§ EXERCISE DIRECTIONS
Look through the entries below and extract exactly the lines from the one containing "Numbers: x, y, z, sx, sy, sz, roll, pitch, yaw." through the one containing "Returns: one oriented", ends included.

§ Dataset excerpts
┌────────
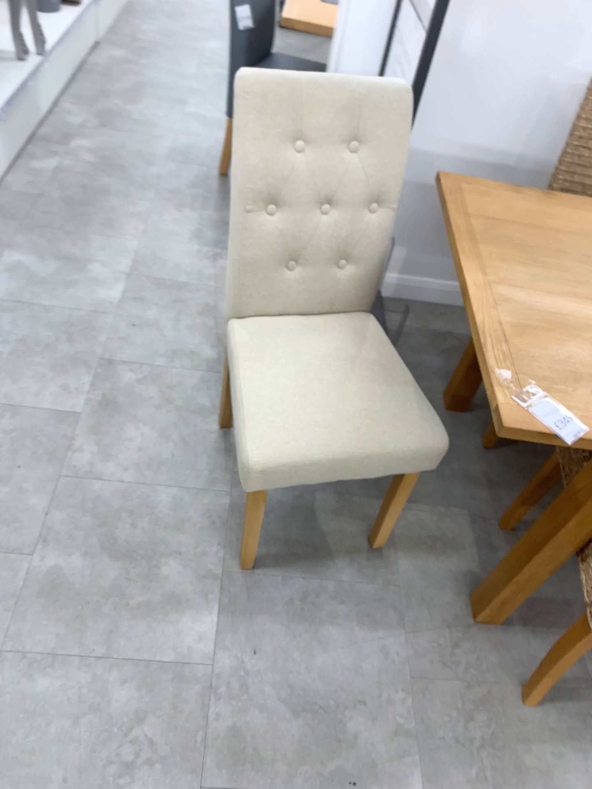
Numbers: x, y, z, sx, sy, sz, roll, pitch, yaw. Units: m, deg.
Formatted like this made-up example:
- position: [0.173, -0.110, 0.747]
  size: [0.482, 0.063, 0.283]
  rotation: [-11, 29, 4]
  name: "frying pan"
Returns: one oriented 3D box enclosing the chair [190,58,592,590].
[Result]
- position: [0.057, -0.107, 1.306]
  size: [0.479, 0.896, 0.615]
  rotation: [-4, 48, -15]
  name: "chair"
└────────
┌────────
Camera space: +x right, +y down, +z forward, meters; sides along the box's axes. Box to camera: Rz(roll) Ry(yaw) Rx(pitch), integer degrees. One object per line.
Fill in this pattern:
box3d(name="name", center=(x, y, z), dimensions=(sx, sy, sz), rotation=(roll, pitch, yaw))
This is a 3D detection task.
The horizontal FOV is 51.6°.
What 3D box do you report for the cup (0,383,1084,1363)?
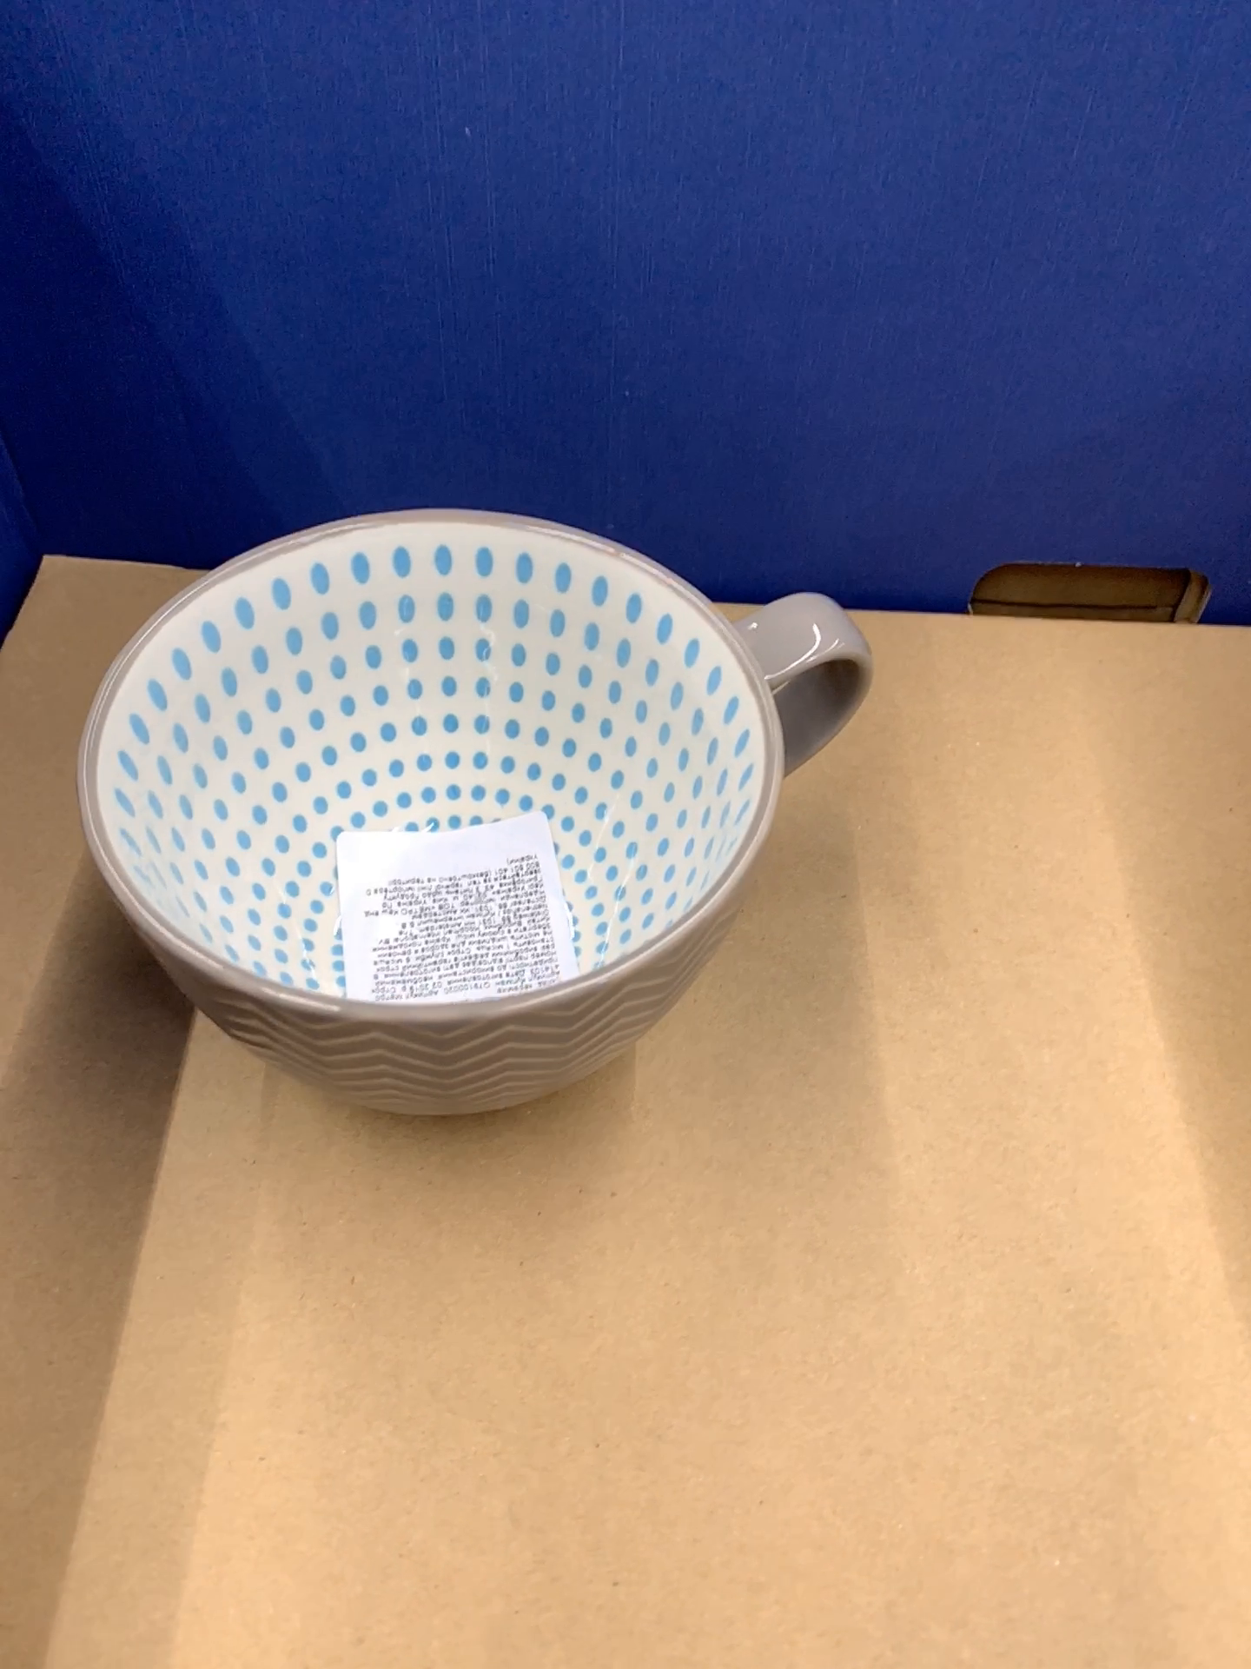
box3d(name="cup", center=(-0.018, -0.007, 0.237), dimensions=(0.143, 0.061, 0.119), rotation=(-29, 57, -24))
└────────
§ OUTPUT
Numbers: x, y, z, sx, sy, sz, roll, pitch, yaw. Units: m, deg.
Formatted like this made-up example:
- position: [0.173, -0.110, 0.747]
  size: [0.482, 0.063, 0.283]
  rotation: [-11, 29, 4]
  name: "frying pan"
Returns: one oriented 3D box enclosing the chair [190,58,592,590].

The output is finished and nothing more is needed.